I did this on OpenSuSE 11.2 so on other systems you may have to adjust
this procedure slightly.
Note: Make sure that kernel dumping is disabled as OpenSuSE 11.2 does
not seem to be able to dump to a raided lvm setup. Also before you do
this you should ensure that you have backups of everything as you could
end up with a corupted system if you get this procedure wrong.
On my setup the system is installed on /dev/sda and my spare disk which
I want to mirror to is /dev/sdb. I have two partitions with /dev/sda1
being the /boot filesystem and /dev/sda2 being under LVM control
containing the root filesystem and swap space. Obviously on a raided
system you may have to trade in a bit of performance against the disk
redundancy as every write to the disks will happen twice.

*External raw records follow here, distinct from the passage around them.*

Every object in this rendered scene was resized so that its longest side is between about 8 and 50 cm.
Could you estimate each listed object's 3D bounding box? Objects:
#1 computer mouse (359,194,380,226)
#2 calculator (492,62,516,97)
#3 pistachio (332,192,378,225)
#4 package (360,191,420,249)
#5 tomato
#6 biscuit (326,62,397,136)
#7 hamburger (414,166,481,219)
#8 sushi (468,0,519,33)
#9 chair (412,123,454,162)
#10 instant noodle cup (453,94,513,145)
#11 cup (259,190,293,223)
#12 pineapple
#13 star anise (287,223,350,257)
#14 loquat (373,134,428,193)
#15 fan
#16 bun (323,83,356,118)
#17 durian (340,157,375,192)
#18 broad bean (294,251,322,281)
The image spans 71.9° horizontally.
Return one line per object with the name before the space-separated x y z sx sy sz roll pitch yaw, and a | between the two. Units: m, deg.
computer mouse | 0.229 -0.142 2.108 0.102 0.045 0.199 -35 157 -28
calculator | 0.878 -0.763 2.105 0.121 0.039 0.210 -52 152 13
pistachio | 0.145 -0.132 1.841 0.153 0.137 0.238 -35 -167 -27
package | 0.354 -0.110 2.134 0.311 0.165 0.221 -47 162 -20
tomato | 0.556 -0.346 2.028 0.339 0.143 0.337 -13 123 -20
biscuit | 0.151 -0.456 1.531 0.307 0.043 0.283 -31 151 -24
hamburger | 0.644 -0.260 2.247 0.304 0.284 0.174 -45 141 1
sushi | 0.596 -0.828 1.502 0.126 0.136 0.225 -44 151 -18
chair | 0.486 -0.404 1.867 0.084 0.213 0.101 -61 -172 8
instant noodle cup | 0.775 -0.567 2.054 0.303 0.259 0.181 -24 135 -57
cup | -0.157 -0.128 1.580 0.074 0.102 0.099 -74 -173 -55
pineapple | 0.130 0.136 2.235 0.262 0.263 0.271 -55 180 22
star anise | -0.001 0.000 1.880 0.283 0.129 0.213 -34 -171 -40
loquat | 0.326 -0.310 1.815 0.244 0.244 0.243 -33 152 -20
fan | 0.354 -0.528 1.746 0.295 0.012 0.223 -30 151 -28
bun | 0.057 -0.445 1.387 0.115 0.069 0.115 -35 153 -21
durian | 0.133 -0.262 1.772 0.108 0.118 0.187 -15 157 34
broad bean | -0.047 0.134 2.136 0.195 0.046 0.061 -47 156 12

You need to ensure that both disks are the same size or /dev/sdb is
bigger then /dev/sda. In my system both disks are exactly the same size
which is preferable as the disk geometry will be the same then.
You also want to ensure that any applications are shut down to minimize
any other disk access to the system while you are doing this.
As a first step you need to re-label all your partitions on the primary
disk to raid (type fd):
carling:~ # fdisk /dev/sda
The number of cylinders for this disk is set to 2610.
There is nothing wrong with that, but this is larger than 1024,
and could in certain setups cause problems with:
1) software that runs at boot time (e.g., old versions of LILO)
2) booting and partitioning software from other OSs
(e.g., DOS FDISK, OS/2 FDISK)
Command (m for help): t
Partition number (1-4): 1
Hex code (type L to list codes): fd
Changed system type of partition 1 to fd (Linux raid autodetect)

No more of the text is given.